Lisa and Jack Nash of Colorado recently pitched the world into the future. And what they've done shows us we're just not ready for that future yet.

The Nashes have a daughter, Molly, who suffers from a condition called Fanconi's anemia. She needs healthy bone-marrow cells, or she will die. (It's a genetic disease; both parents carry the gene.) The Nashes used in-vitro fertilization to create 15 embryos that were then genetically screened to find one compatible with Molly's blood type and free of the gene. Welcome to the world, Adam Nash - the first case in history of successful human genetic selection. Some of Adam's cord blood was used to treat Molly.

In choosing Adam's genetic traits, the Nashes were, on a small, personal scale, selecting for the best possible human. That verges toward eugenics, the practice of creating a master race of human beings, editing out drawbacks until you get a line of supermen and superwomen.

But the Nash case is probably as close as you'll get to likable eugenics. The Nashes did not have this baby only to service an existing child. They wanted another child anyway and are committed, loving parents. Lisa Nash has spoken of her abhorrence of abortion. In other words, these are good people, people who honor life, who used new technologies in a bid to save their daughter. Even those with misgivings may feel a tide of sympathy.

But the Nash case also unleashes a tide of questions. It is right to create a person as a therapy? What about the 14 embryos that didn't make it? 

The Nashes are pioneer consumers of new services that can help us orchestrate birth and regulate the future.

When people see what science can offer us in the next generation, they're going to want those services. Market pressures - from the demand side - will be tumultuous. Now at hand, the biotechnological revolution will allow us to go much further than in this case. Many might feel fairly OK about what the Nashes did - but this is just the start, and there's no end in sight.

Our institutions have not kept up with the onslaught of products, services and issues produced by the new science: genetically altered foods; cloning (scientists just cloned the endangered gaur in an effort to save the species - right? wrong? why or why not?); gene therapy; genetic selection (welcome, Adam) and much more. So we must start talking, deliberating and legislating about the changes science hath wrought. 

Start at the top, with a national ethics council made up of eminent men and women from the human and natural sciences, constitutional law, philosophy and religion, and begin a long-term conversation before the world.

Did we say "long-term"? Make that "permanent." Such ethics tribunals exist at many hospitals, universities and places of worship, but we need a big one to make it a world roundtable. 

Eventually it will be our legislators' turn. Good luck to them, for the work that awaits will be difficult, disturbing, divisive. The law is a practical expression of our common values. As such, it must someday lay down pathmarks for the biotech highway. National ground rules can guide state legislators. 

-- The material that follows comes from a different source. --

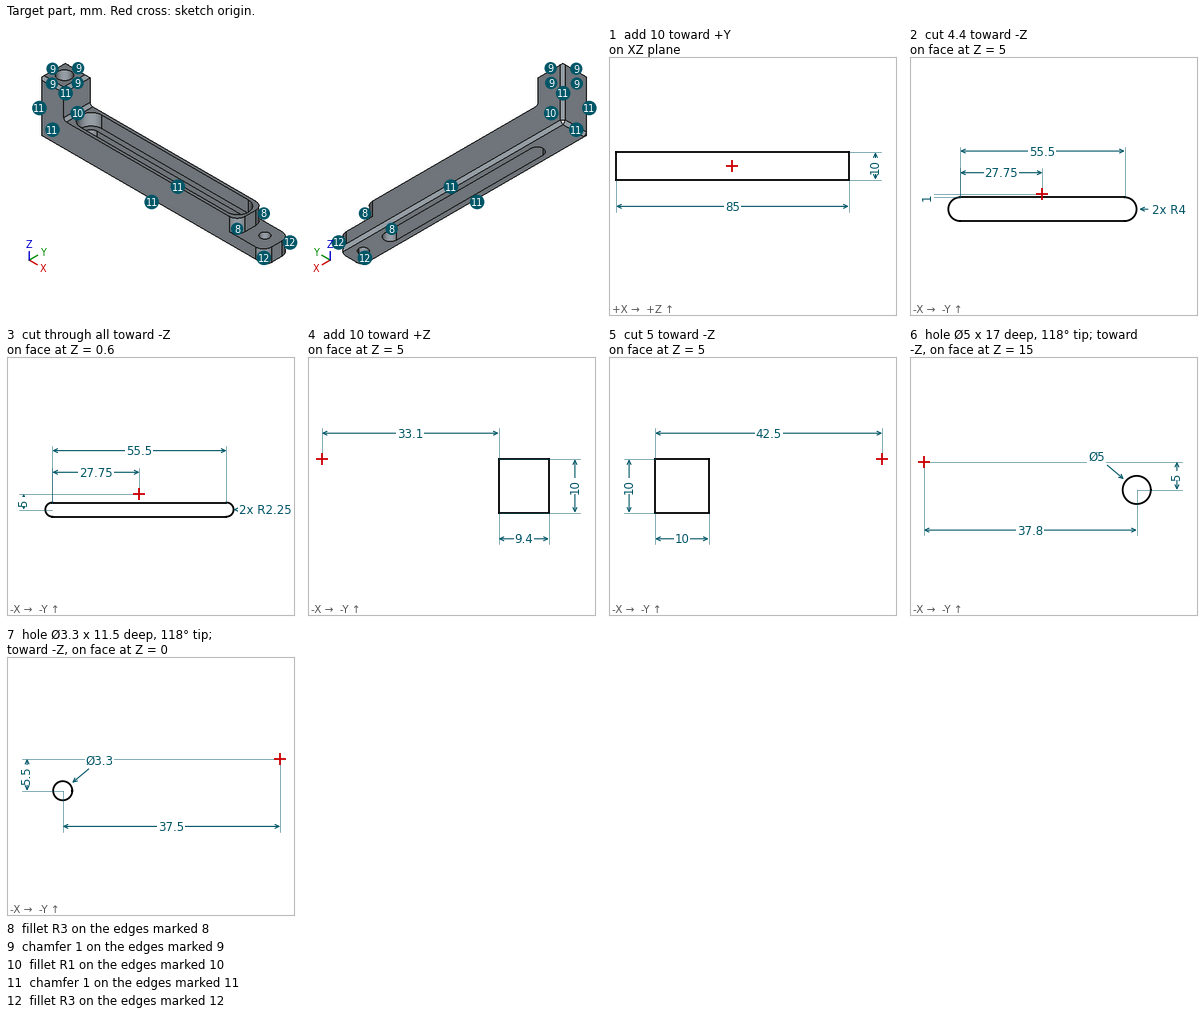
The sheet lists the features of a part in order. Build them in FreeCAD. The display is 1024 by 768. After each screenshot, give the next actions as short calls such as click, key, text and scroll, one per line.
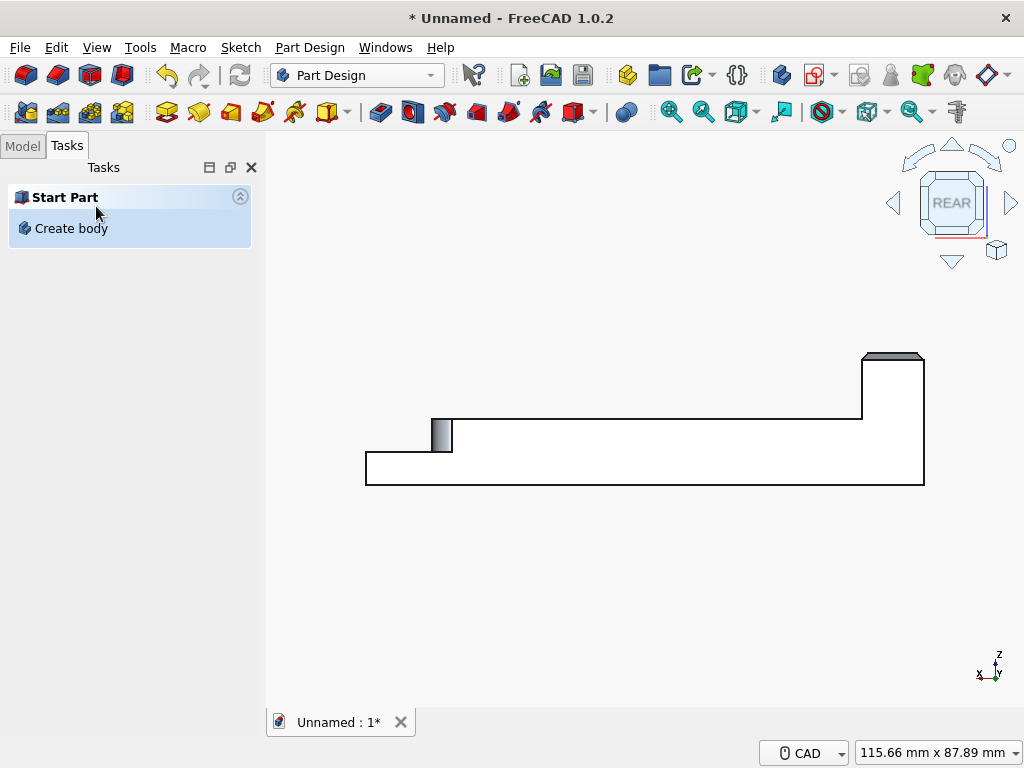
key(6)

What will those laws say? They may say that anything goes, as long as the procedure does not harm the child. They might forbid all crafting or selection of embryos, or they might set limits on those steps. We don't want people to make and break embryos like chicken eggs. We don't want women to offer themselves as baby, fetus or embryo factories. We may, however, find genetic selection allowable when life itself is at stake, as it is for Molly Nash. 

Perhaps we can find a principle to steer by. Or, perhaps, principles failing us, we may simply stipulate what can and can't be done. It'll be a patchwork job at first, becoming subtler and more finely tuned as our minds and spirits grow into these challenging realities. 

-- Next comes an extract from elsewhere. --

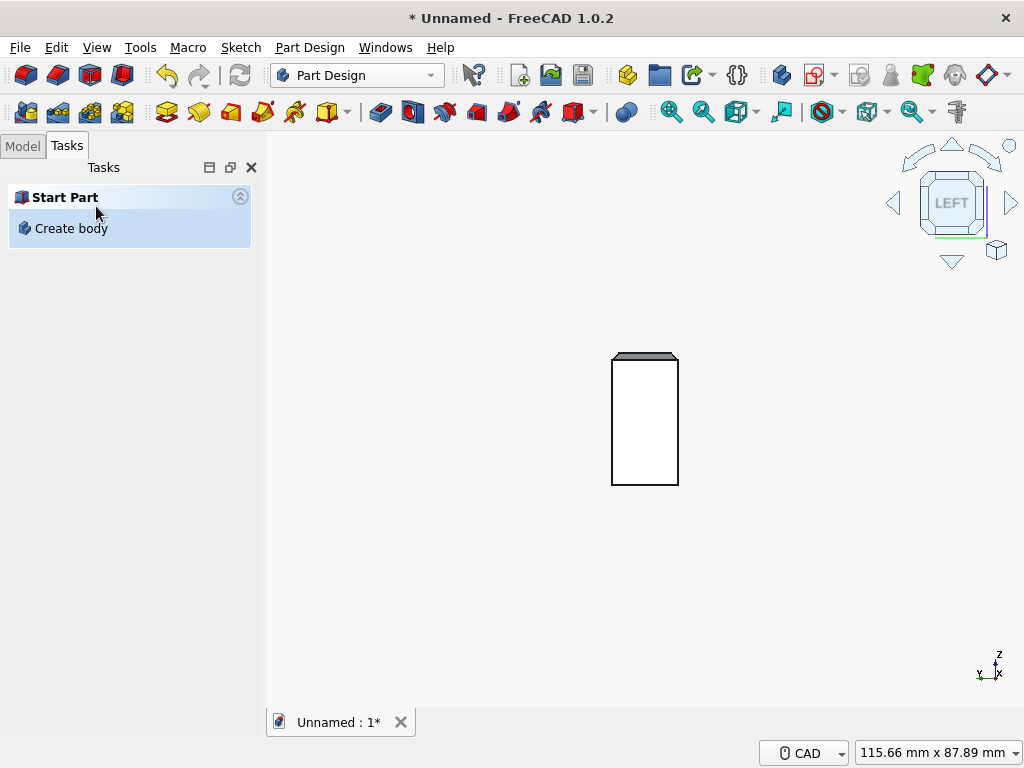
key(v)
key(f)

Pressure will focus on the labs and hospitals in which this miraculous, ambiguous work is done. More than ever, these institutions are becoming responsive to the values of the communities around them. They will need to set and advertise the ethics of their work as clearly as they can, for their practitioners will be answerable, as they are now, to the rest of us. 

For now, what we have are two lives - Adam and Molly Nash - and 14 embryos that didn't make the cut. Reasons for joy, for puzzlement, for distress. Reasons, most of all, for beginning the hard work of imagining the future before it passes us by.